=== Begin Enclosure ===

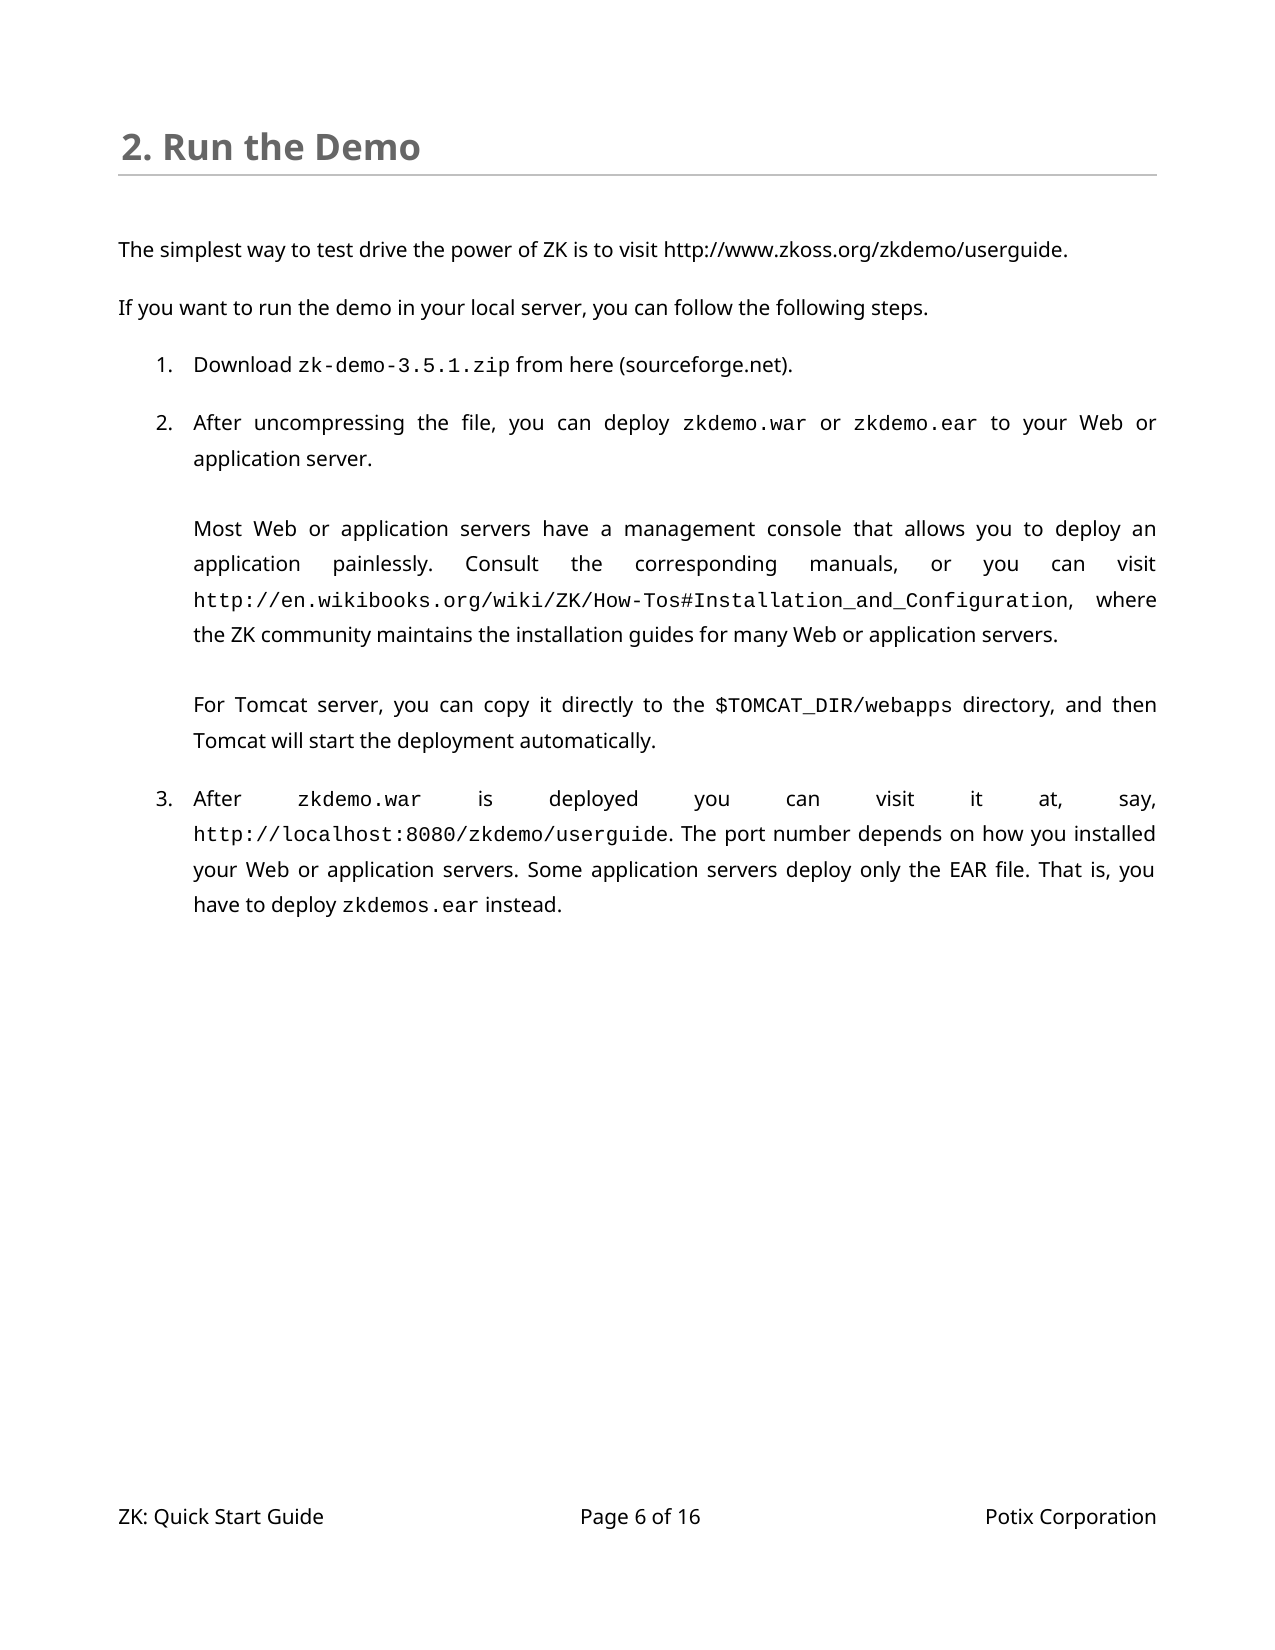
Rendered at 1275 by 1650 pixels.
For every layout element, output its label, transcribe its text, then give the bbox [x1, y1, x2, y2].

list After uncompressing the file, you can deploy zkdemo.war or zkdemo.ear to your Web or application server. Most Web or application servers have a management console that allows you to deploy an application painlessly. Consult the corresponding manuals, or you can visit http://en.wikibooks.org/wiki/ZK/How-Tos#Installation_and_Configuration, where the ZK community maintains the installation guides for many Web or application servers. For Tomcat server, you can copy it directly to the $TOMCAT_DIR/webapps directory, and then Tomcat will start the deployment automatically. [156, 408, 1157, 754]
text The simplest way to test drive the power of ZK is to visit http://www.zkoss.org/zkdemo/userguide. [118, 235, 1157, 263]
subtitle 2. Run the Demo [118, 118, 1157, 174]
list After zkdemo.war is deployed you can visit it at, say, http://localhost:8080/zkdemo/userguide. The port number depends on how you installed your Web or application servers. Some application servers deploy only the EAR file. That is, you have to deploy zkdemos.ear instead. [156, 784, 1157, 919]
list Download zk-demo-3.5.1.zip from here (sourceforge.net). [156, 350, 1157, 379]
text If you want to run the demo in your local server, you can follow the following steps. [118, 293, 1157, 321]
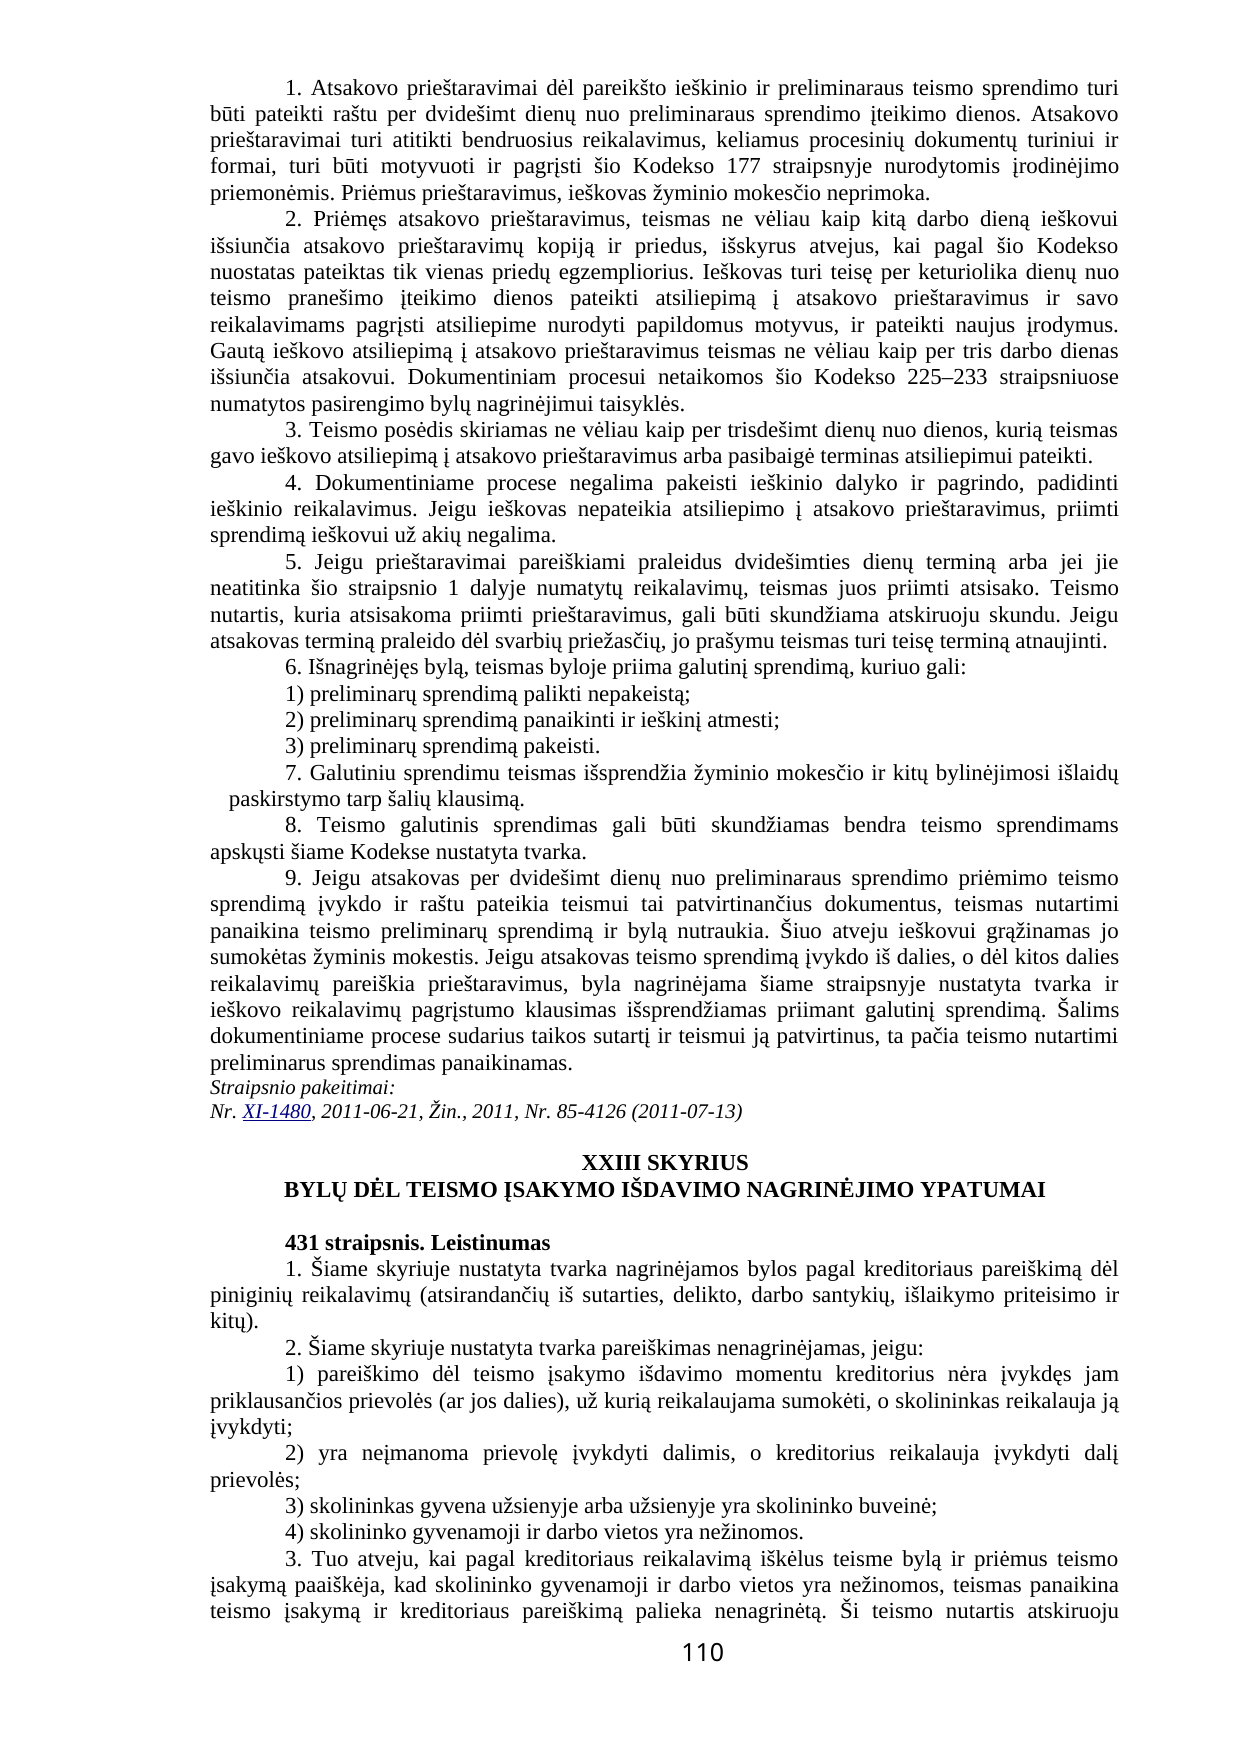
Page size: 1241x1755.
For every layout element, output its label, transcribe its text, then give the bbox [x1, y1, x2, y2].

text 1) pareiškimo dėl teismo įsakymo išdavimo momentu kreditorius nėra įvykdęs jam priklausančios prievolės (ar jos dalies), už kurią reikalaujama sumokėti, o skolininkas reikalauja ją įvykdyti; [210, 1360, 1120, 1439]
text Straipsnio pakeitimai: [210, 1075, 1120, 1099]
text 1. Atsakovo prieštaravimai dėl pareikšto ieškinio ir preliminaraus teismo sprendimo turi būti pateikti raštu per dvidešimt dienų nuo preliminaraus sprendimo įteikimo dienos. Atsakovo prieštaravimai turi atitikti bendruosius reikalavimus, keliamus procesinių dokumentų turiniui ir formai, turi būti motyvuoti ir pagrįsti šio Kodekso 177 straipsnyje nurodytomis įrodinėjimo priemonėmis. Priėmus prieštaravimus, ieškovas žyminio mokesčio neprimoka. [210, 73, 1120, 205]
text 3) preliminarų sprendimą pakeisti. [210, 732, 1120, 759]
text 2) yra neįmanoma prievolę įvykdyti dalimis, o kreditorius reikalauja įvykdyti dalį prievolės; [210, 1439, 1120, 1492]
text Nr. XI-1480, 2011-06-21, Žin., 2011, Nr. 85-4126 (2011-07-13) [210, 1099, 1120, 1123]
text 431 straipsnis. Leistinumas [210, 1228, 1120, 1255]
text 2) preliminarų sprendimą panaikinti ir ieškinį atmesti; [210, 706, 1120, 732]
text 3. Teismo posėdis skiriamas ne vėliau kaip per trisdešimt dienų nuo dienos, kurią teismas gavo ieškovo atsiliepimą į atsakovo prieštaravimus arba pasibaigė terminas atsiliepimui pateikti. [210, 416, 1120, 469]
text 2. Šiame skyriuje nustatyta tvarka pareiškimas nenagrinėjamas, jeigu: [210, 1334, 1120, 1360]
text 4. Dokumentiniame procese negalima pakeisti ieškinio dalyko ir pagrindo, padidinti ieškinio reikalavimus. Jeigu ieškovas nepateikia atsiliepimo į atsakovo prieštaravimus, priimti sprendimą ieškovui už akių negalima. [210, 469, 1120, 548]
subtitle BYLŲ DĖL TEISMO ĮSAKYMO IŠDAVIMO NAGRINĖJIMO YPATUMAI [210, 1176, 1120, 1202]
text 4) skolininko gyvenamoji ir darbo vietos yra nežinomos. [210, 1518, 1120, 1545]
text 1. Šiame skyriuje nustatyta tvarka nagrinėjamos bylos pagal kreditoriaus pareiškimą dėl piniginių reikalavimų (atsirandančių iš sutarties, delikto, darbo santykių, išlaikymo priteisimo ir kitų). [210, 1255, 1120, 1334]
text 5. Jeigu prieštaravimai pareiškiami praleidus dvidešimties dienų terminą arba jei jie neatitinka šio straipsnio 1 dalyje numatytų reikalavimų, teismas juos priimti atsisako. Teismo nutartis, kuria atsisakoma priimti prieštaravimus, gali būti skundžiama atskiruoju skundu. Jeigu atsakovas terminą praleido dėl svarbių priežasčių, jo prašymu teismas turi teisę terminą atnaujinti. [210, 548, 1120, 653]
text 9. Jeigu atsakovas per dvidešimt dienų nuo preliminaraus sprendimo priėmimo teismo sprendimą įvykdo ir raštu pateikia teismui tai patvirtinančius dokumentus, teismas nutartimi panaikina teismo preliminarų sprendimą ir bylą nutraukia. Šiuo atveju ieškovui grąžinamas jo sumokėtas žyminis mokestis. Jeigu atsakovas teismo sprendimą įvykdo iš dalies, o dėl kitos dalies reikalavimų pareiškia prieštaravimus, byla nagrinėjama šiame straipsnyje nustatyta tvarka ir ieškovo reikalavimų pagrįstumo klausimas išsprendžiamas priimant galutinį sprendimą. Šalims dokumentiniame procese sudarius taikos sutartį ir teismui ją patvirtinus, ta pačia teismo nutartimi preliminarus sprendimas panaikinamas. [210, 864, 1120, 1075]
text 3. Tuo atveju, kai pagal kreditoriaus reikalavimą iškėlus teisme bylą ir priėmus teismo įsakymą paaiškėja, kad skolininko gyvenamoji ir darbo vietos yra nežinomos, teismas panaikina teismo įsakymą ir kreditoriaus pareiškimą palieka nenagrinėtą. Ši teismo nutartis atskiruoju [210, 1545, 1120, 1624]
text 2. Priėmęs atsakovo prieštaravimus, teismas ne vėliau kaip kitą darbo dieną ieškovui išsiunčia atsakovo prieštaravimų kopiją ir priedus, išskyrus atvejus, kai pagal šio Kodekso nuostatas pateiktas tik vienas priedų egzempliorius. Ieškovas turi teisę per keturiolika dienų nuo teismo pranešimo įteikimo dienos pateikti atsiliepimą į atsakovo prieštaravimus ir savo reikalavimams pagrįsti atsiliepime nurodyti papildomus motyvus, ir pateikti naujus įrodymus. Gautą ieškovo atsiliepimą į atsakovo prieštaravimus teismas ne vėliau kaip per tris darbo dienas išsiunčia atsakovui. Dokumentiniam procesui netaikomos šio Kodekso 225–233 straipsniuose numatytos pasirengimo bylų nagrinėjimui taisyklės. [210, 205, 1120, 416]
text 1) preliminarų sprendimą palikti nepakeistą; [210, 680, 1120, 706]
text 3) skolininkas gyvena užsienyje arba užsienyje yra skolininko buveinė; [210, 1492, 1120, 1518]
text 8. Teismo galutinis sprendimas gali būti skundžiamas bendra teismo sprendimams apskųsti šiame Kodekse nustatyta tvarka. [210, 811, 1120, 864]
text 6. Išnagrinėjęs bylą, teismas byloje priima galutinį sprendimą, kuriuo gali: [210, 653, 1120, 680]
text 7. Galutiniu sprendimu teismas išsprendžia žyminio mokesčio ir kitų bylinėjimosi išlaidų paskirstymo tarp šalių klausimą. [229, 759, 1120, 811]
subtitle XXIII skyrius [210, 1149, 1120, 1176]

=== End Enclosure ===

### Goal of the exercise
Find every line of the records holding "subtitle". Answer with the count alone.

### Written solution
3